10. Zhou (2001); Wang (2019): We have attempted to clarify in the revised version that the focus of our paper is not whether metformin causes activation of AMPK. We believe there is good consensus that:  (i) metformin activates AMPK;  (ii) AMPK activation inhibits lipogenesis.  We do not dispute this.  The question is whether activation of AMPK controls gluconeogenesis.   The data shows fairly unequivocally that:  (i) AMPK activators do not inhibit gluconeogenesis acutely and thereby do not mimic metformin.   (2)  Repression of G6pc by metformin involves both AMPK-dependent and AMPK independent mechanisms.   The study by Wang et al (2019) lacks controls for the experiments in Figures 6 and 7  and S5 which deal with AMPK dependence.  The conclusion that can be drawn from this study is that following subcellular fractionation all the 14C-metformin is present in the cytoplasmic fraction.  This concurs with the conclusions of Owen and Halestrap (2000) that metformin is rapidly lost during  isolation of mitochondria [6] and with the caution in the Discussion by Wilcock & Bailey (1991) and also with the rapid decline in liver metformin content in vivo (Wilcock & Bailey, 1994) and with the calculations of Bridges et al. (2014).

We made several changes to the Manuscript and we hope that it is much improved, thank you for the suggestions.

Reviewer 2 Report

This is a very interesting and very well written review on the mechanisms of action of the glucose lowering drug metformin, with particular emphasis on the role of metabolic intermediates in this effect. Written by a team that made multiple contributions on the regulation of carbohydrate metabolism, the review extensively covers the subject, and in a balanced way. It will be an excellent source of information for all those who are interested by the subject. My only suggestion is that a few concluding remarks might be helpful to the reader. I would leave this to the appreciation of the authors.

Author Response

Referee-2

We thank the referee for the very helpful and encouraging comments.

A final perspectives section is added to the revised version

Reviewer 3 Report

The authors present a comprehensive and balanced review that addresses the highly-debated question of metformin action, from the perspective of AMPK and altered glycolytic/gluconeogenic flux. My only major suggestion is to add a brief summary to recap published mechanisms, current perspectives and remaining questions.

Minor points:

line 74: this is slightly misleading – structural information is only known for γ1. Domain interactions for large γ2 and γ3 N-terminal extensions, missing in γ1, are unknown. Better to say γ subunits are stabilised in the AMPK complex through an interdomain β-sheet formed with β-CTD…

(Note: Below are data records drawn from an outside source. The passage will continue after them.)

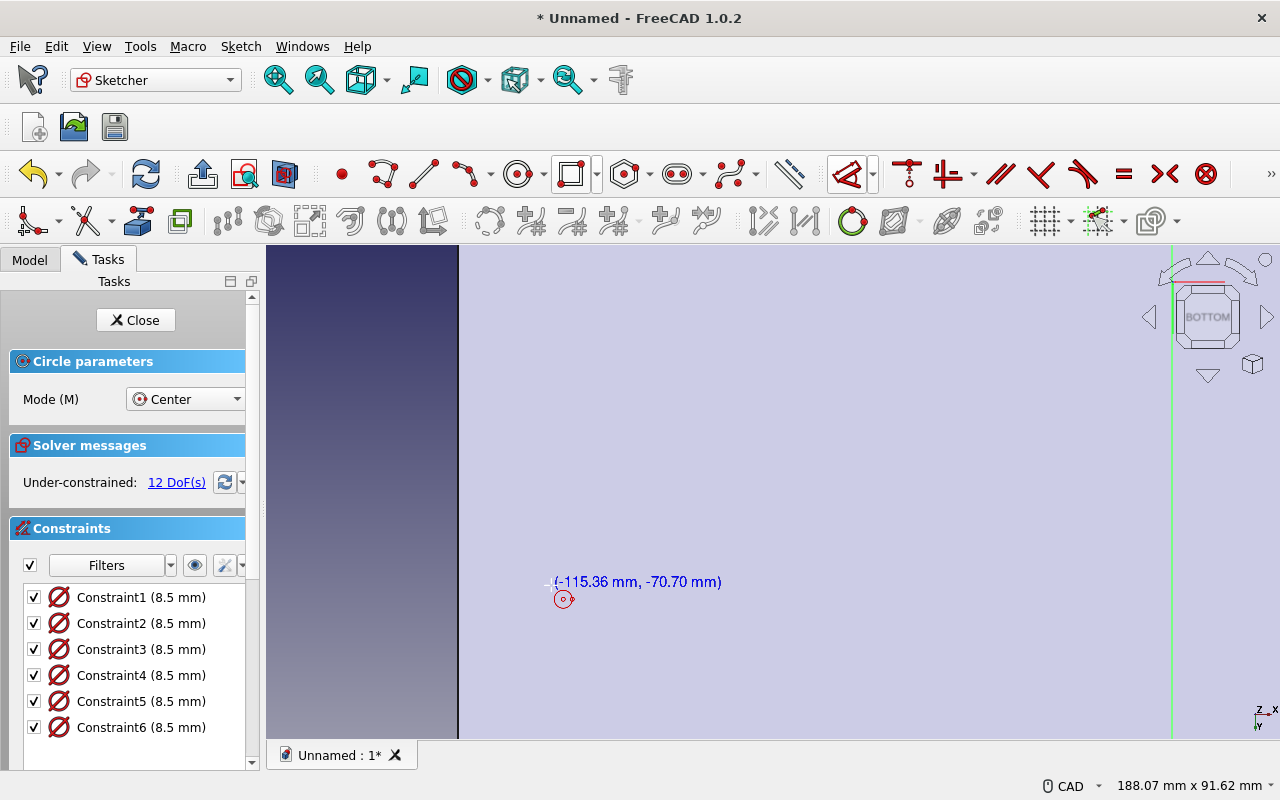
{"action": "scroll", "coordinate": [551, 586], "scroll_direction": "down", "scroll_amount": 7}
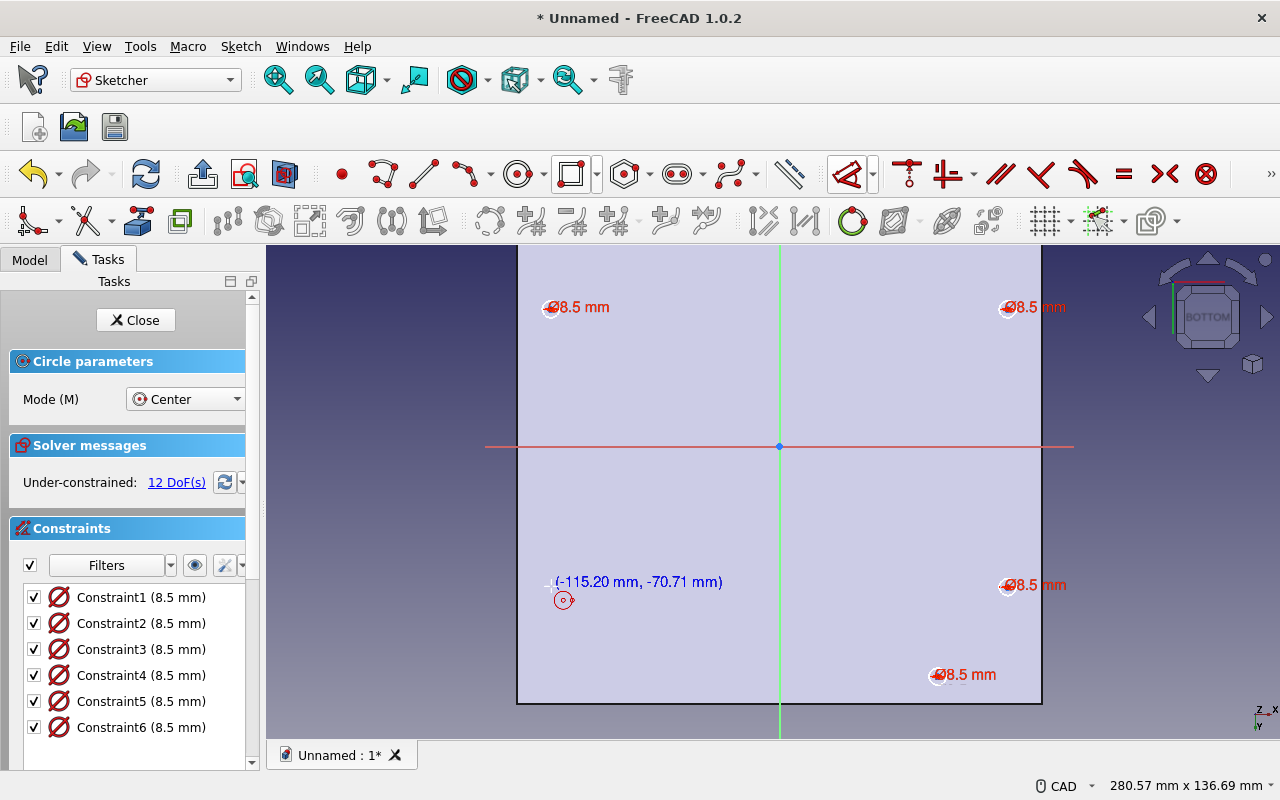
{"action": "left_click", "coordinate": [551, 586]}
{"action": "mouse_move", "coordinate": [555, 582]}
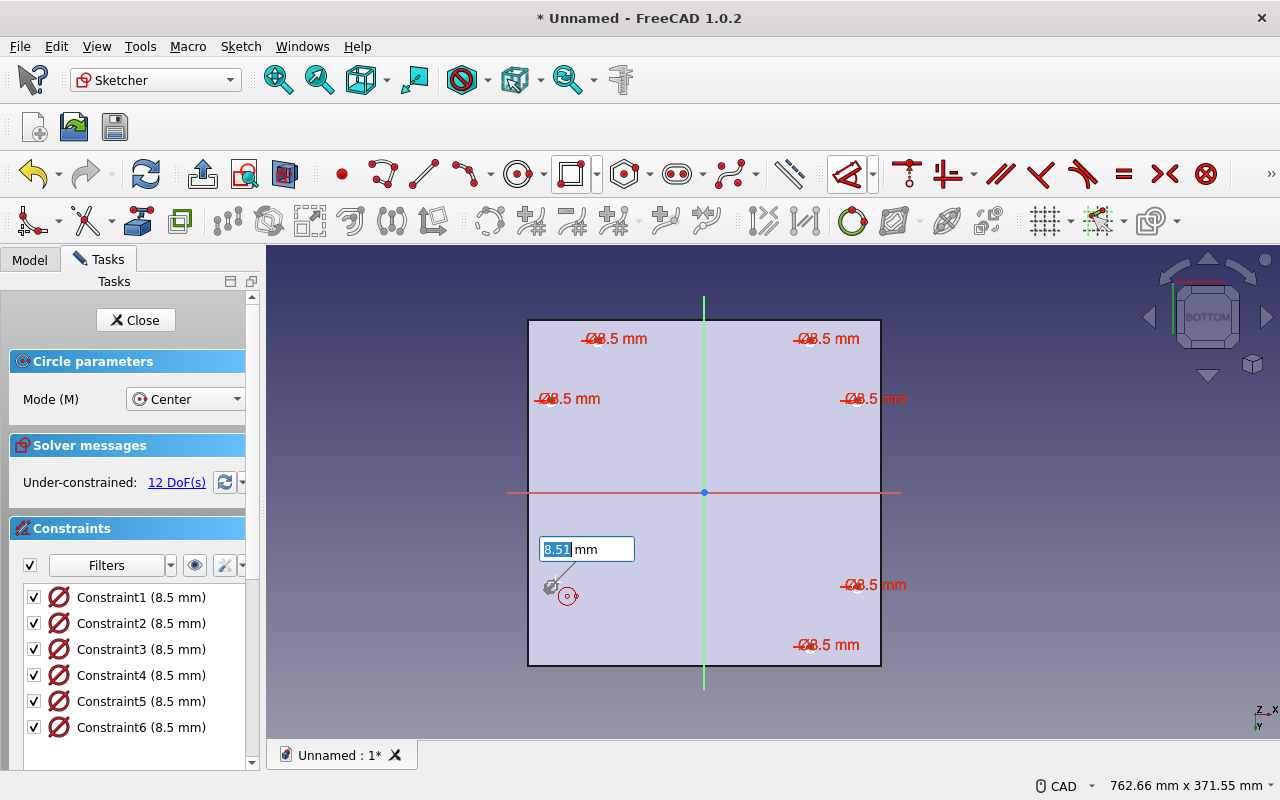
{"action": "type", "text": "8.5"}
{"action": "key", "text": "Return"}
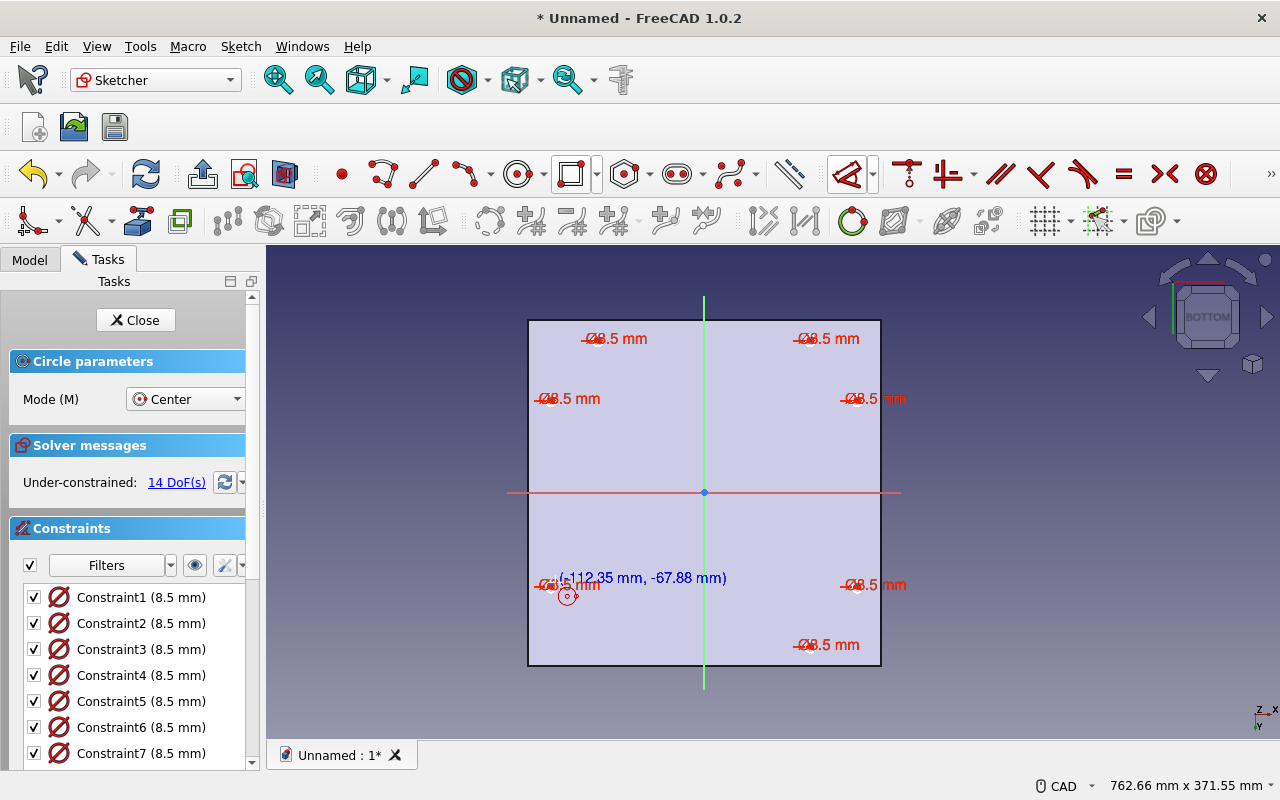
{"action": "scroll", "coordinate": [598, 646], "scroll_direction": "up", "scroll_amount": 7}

line 78: ADP binding also promotes T172 phosphorylation by CaMKK2 and LKB1. Instead of reviews cite original references for ADP/AMPK regulation: Ross et al 2015 Biochem J, Xiao et al 2010 Nature, Oakhill et al 2011 Science.

line 139: the context of this sentence is unclear – please expand. What is meant by ‘chemical inhibitors’?

line 181: convoluted sentence.

Fig 3 legend: maintain consistency with GPDH/GDH abbreviations.

Author Response

Referee-3

We thank the referee for the time and effort and for the very helpful comments.

A final perspectives section is added to the revised version.

Line 74, corrected as recommended, thank you.

Line 78, amended and the 3 references are referred to in the revised version, thank you.

Line 139, corrected.

Line 181, reworded.

Fig. 3 and corresponding legend are corrected.